Understand the code in the weeds, not just the outcome.
Code review, verify, and steer at every step.
Cherry-pick ideas, but do not blindly inherit structure.
Treat it like the final product.

Vibe Mode Never Goes to Production

Vibe mode is for breadth, speed, and information. Use sandboxes, feature branches, worktrees, disposable environments, and overnight agent runs to produce as many artifacts as possible. Try competing architectures. Reverse decisions. Let the agent explore directions you would not have had time to hand-build yourself.

But the boundary has to be explicit: vibe code does not go to production. The artifacts are evidence, references, and raw material. They are not the final system. Production starts when you enter quality mode.

Quality mode is where you rebuild or reconcile the final version with ownership. You bring forward the best ideas, reference implementations, and learned constraints from vibe mode, then apply code review, tests, architecture judgment, and line-by-line understanding. That is the part you ship.

The failure mode is letting the contracts blur. If you add too much production friction during vibe mode, exploration becomes slow. If you ship vibe artifacts without a quality pass, the codebase inherits decisions no one actually owns.

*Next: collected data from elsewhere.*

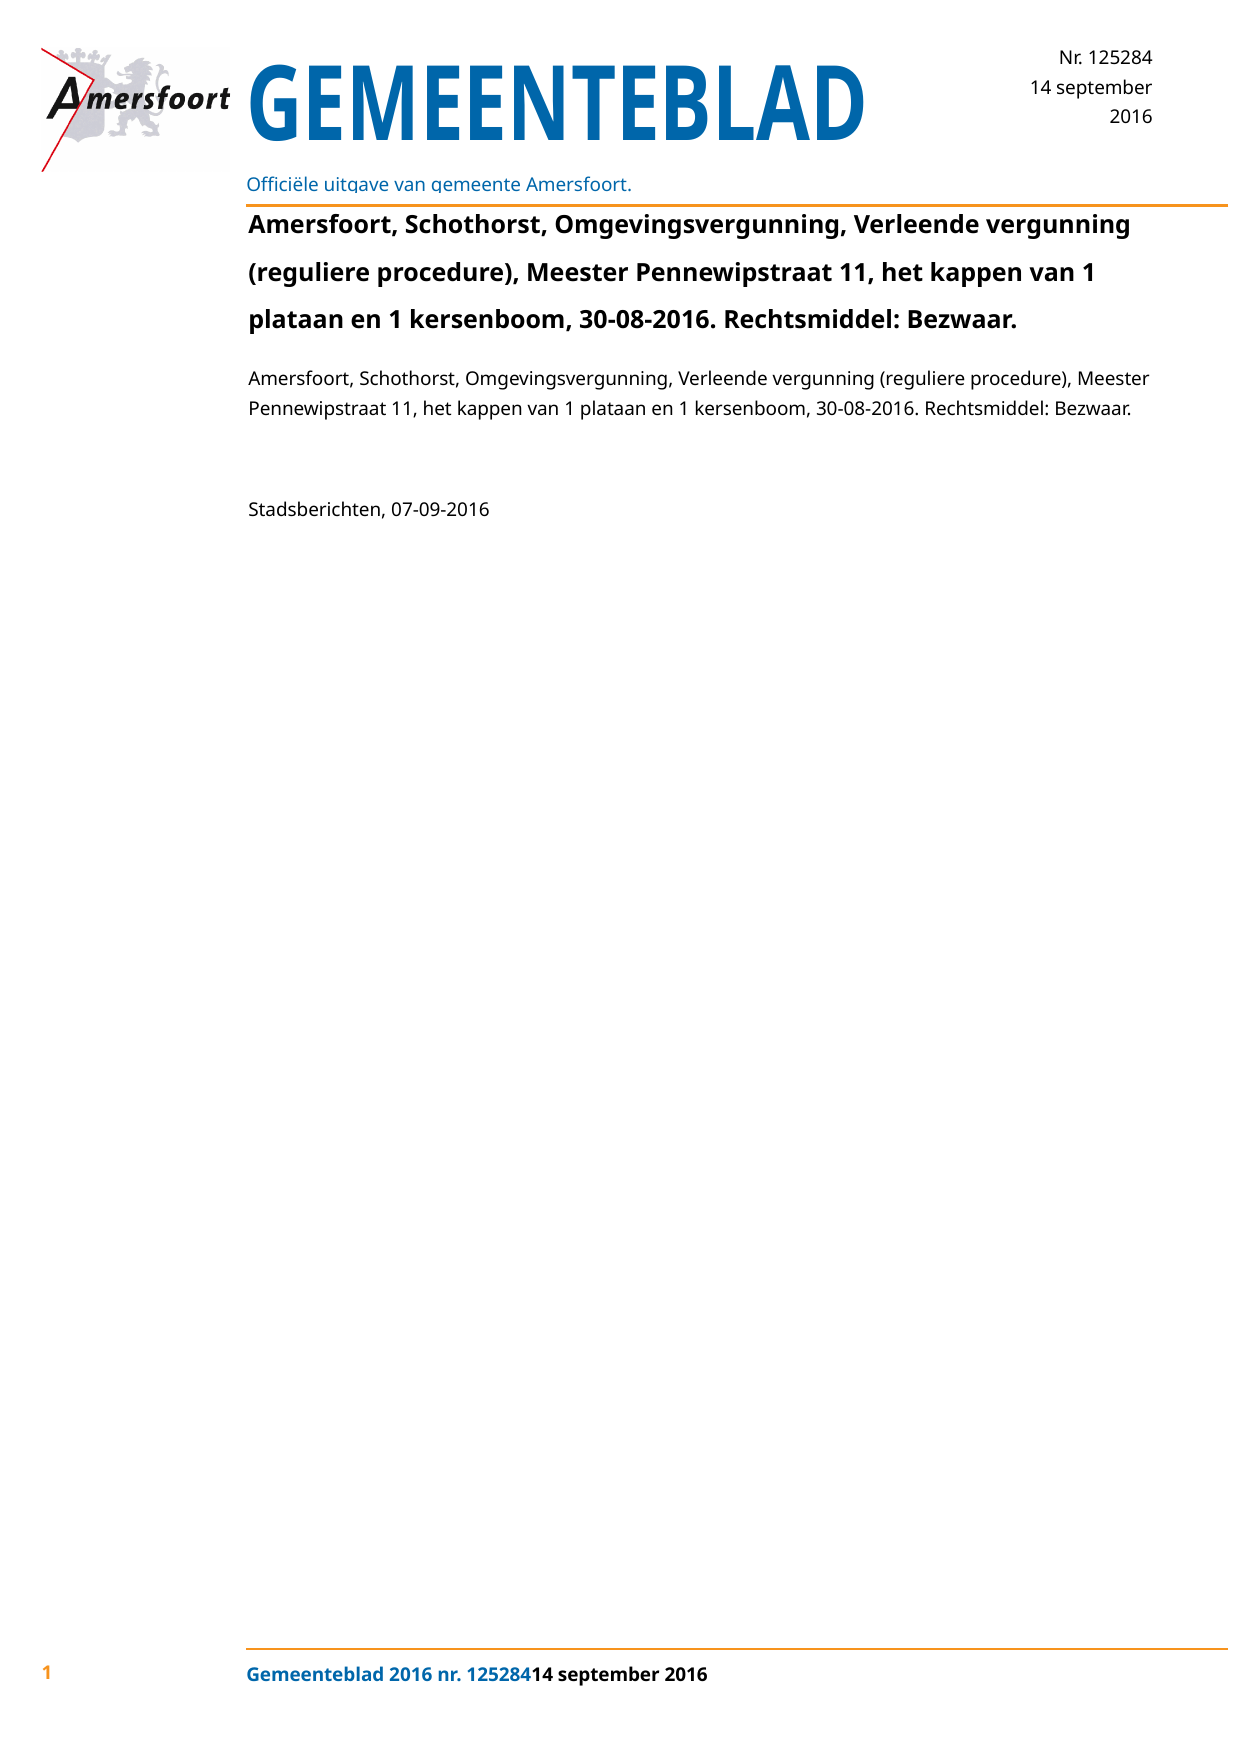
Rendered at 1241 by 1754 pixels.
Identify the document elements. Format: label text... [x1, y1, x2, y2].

text Stadsberichten, 07-09-2016 [248, 496, 1152, 522]
picture [41, 47, 231, 172]
text Amersfoort, Schothorst, Omgevingsvergunning, Verleende vergunning (reguliere procedure), Meester Pennewipstraat 11, het kappen van 1 plataan en 1 kersenboom, 30-08-2016. Rechtsmiddel: Bezwaar. [248, 207, 1152, 336]
text Amersfoort, Schothorst, Omgevingsvergunning, Verleende vergunning (reguliere procedure), Meester Pennewipstraat 11, het kappen van 1 plataan en 1 kersenboom, 30-08-2016. Rechtsmiddel: Bezwaar. [248, 366, 1152, 421]

Quality Mode Is Where You Own It

Quality mode is where the AI engineer takes ownership. The output is no longer a learning artifact. It is the product you need to ship, maintain, debug, explain, and defend.

That means you should understand the code in the weeds. Not just the happy path. Not just the demo. You should understand the data model, control flow, failure modes, abstractions, tests, and tradeoffs well enough to change them without asking the agent to rescue you.

The transition from vibe mode to quality mode is a distillation step: collect the artifacts, write down the decisions they surfaced, and turn those decisions into a clean implementation plan or ticket backlog. Then build the final version deliberately, with review and verification at every step.

If that requires starting over, start over. My favorite technique is to reimplement the product from scratch, iteration by iteration, using the vibe artifacts as reference material. After each iteration, review the code, verify behavior, tighten the architecture, and only then move forward.

The key prompt still matters: “Using what you know now, how would you reimplement this a second time for better quality?” But the prompt is not the product. The product is the owned implementation you build after the prompt exposes what the first pass taught you.

My Favorite Techniques

Use Galleries and Studios to Compare Options

The easiest example is landing pages. Send subagents to build 10 different versions with different themes, then ask for a gallery view. Pick the best one, or combine the strongest pieces. Most of the compute may be thrown away. That is fine. The value is seeing the option space.

“Studio-ing” generalizes the same idea. If you are thinking about five parameters or approaches, build a small studio: a comparison surface where you can customize the knobs and see many outputs in one view.

Abstract comparison studio interface with parameter controls and a grid of output variants. — A studio turns hidden tradeoffs into visible options: tune the knobs, compare variants, then choose or combine.

Layout

Tone

Density

Motion

Risk

Continuous Steering

Vibe mode is not autopilot. I am reading terminal output, checking direction, correcting drift, and failing bad branches early. The point is to let agents move fast without letting them silently move in the wrong direction.

This is where senior judgment matters. You know when the agent is producing useful signal, when it is overfitting the wrong thing, and when it needs a sharper constraint. Take many shots on goal, but steer continuously.

Output-Based Prompting

Describe the output in detail. The clearer the destination, the better the agent can find its way there. In practice, that means specifying behavior, acceptance criteria, interface expectations, tests, and the shape of the finished artifact.

TDD and verification matter because they turn taste into executable constraints. You are not just asking for code. You are defining what done looks like, then using tests and reviews to keep the agent pointed at that outcome.